In TCGA, it is notable that tumors with evidence for strong environmental factors (e.g., smoking for lung and ultraviolet light exposure for melanoma) exhibit more mutations than tumors with no clear extrinsic agent (e.g., chronic lymphocytic leukemia). This revelation points to the need to collect more refined exposure data for the next rounds of studies that comprehensively assess genomic alterations to determine how the germline informs somatic profiles. Accordingly, major clinical trials like ALChEMIST (Adjuvant Lung Cancer Enrichment Marker Identification and Sequencing Trial, conducted in lung adenocarcinoma) have signed onto the inclusion of a mini-epidemiological questionnaire instrument.  In this way, etiologic and outcome heterogeneity due to genes can be more fully investigated in the near future. Similarly, the use of the TCGA-like comprehensive assessment of genomic alterations could be useful for developing effective prognostic markers for outcome and possibly, well in the future, establish precision medicine.

Already, researchers in DCEG regularly utilize TCGA data for a wide range of investigations, including replication studies of genetic and epigenetic findings, methods development for integrative genomic analysis, assessment of functional potential of signals from genome-wide association studies, and evaluation of large-scale chromosomal abnormalities. The ability to use TCGA data to explore this area using gene expression and methylation data is a critical asset as the data are integrated across other somatic alterations and germline genetic variation. SNP genotyping intensity data from TCGA allow us to compare algorithms for detecting somatic large-scale abnormalities such as mosaic gains, losses and copy-neutral events and comparing those changes across tissue sample types. In data from almost 1,800 samples from glioblastoma, ovarian cancer and lung squamous cell carcinoma, we detected large-scale mosaic abnormalities in blood-derived normal samples.  New methods are being developed to carefully analyze germline exome and whole genome sequencing data to identify the scope and density of mosaic events of smaller size. In turn, these studies enable the investigation of how the genome may become unstable with age and contribute to carcinogenesis.   

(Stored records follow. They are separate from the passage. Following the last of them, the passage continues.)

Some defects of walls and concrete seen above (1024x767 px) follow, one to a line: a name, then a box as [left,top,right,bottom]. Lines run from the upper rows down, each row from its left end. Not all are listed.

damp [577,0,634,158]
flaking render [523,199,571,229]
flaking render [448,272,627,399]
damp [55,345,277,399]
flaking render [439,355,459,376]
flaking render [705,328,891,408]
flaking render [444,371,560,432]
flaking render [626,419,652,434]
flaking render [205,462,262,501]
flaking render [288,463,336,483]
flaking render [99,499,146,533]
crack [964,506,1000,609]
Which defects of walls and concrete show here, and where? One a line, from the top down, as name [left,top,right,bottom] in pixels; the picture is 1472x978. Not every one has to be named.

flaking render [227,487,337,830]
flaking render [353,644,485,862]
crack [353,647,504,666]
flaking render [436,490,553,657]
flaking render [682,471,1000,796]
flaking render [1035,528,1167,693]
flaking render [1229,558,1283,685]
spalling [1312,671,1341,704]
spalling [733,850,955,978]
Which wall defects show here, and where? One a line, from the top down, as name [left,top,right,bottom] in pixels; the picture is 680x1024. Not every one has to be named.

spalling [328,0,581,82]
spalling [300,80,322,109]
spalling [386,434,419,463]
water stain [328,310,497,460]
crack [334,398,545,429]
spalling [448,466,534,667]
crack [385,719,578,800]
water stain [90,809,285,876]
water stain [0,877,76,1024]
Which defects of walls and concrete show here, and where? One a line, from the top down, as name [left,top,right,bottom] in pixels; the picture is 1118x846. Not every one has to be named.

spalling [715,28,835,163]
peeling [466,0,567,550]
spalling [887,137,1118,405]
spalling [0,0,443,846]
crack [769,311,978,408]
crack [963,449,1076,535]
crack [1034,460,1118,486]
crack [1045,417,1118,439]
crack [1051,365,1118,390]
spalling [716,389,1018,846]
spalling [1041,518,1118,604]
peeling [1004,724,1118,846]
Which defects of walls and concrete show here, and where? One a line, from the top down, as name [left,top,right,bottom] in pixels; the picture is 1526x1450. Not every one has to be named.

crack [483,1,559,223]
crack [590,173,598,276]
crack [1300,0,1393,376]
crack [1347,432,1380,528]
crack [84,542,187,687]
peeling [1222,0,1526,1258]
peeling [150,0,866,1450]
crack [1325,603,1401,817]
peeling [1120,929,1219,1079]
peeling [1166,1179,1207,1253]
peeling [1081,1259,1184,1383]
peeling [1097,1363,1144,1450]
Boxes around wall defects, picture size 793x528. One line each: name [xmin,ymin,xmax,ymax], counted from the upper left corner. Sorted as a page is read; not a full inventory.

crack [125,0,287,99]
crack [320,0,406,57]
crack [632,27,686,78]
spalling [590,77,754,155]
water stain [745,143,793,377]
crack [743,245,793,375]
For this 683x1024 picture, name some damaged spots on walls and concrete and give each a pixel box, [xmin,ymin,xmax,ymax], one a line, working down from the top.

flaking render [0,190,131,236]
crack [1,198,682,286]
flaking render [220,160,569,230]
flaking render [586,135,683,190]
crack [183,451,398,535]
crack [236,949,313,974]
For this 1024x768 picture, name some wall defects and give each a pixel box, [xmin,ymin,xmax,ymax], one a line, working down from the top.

Now near the conclusion of the data generation phase, TCGA has provided a strong foundation for the discovery and characterization of key biological alterations in the cancer genome. Further discovery of the drivers of cancer is required to generate the catalogue of mutations, some fraction of which could be the target of current or future therapies. This tremendous resource—a catalogue of driver and passenger mutations—enables us to interrogate how germline variants contribute to cancer risk and outcomes, and how they may predict response and toxicity to cancer therapies.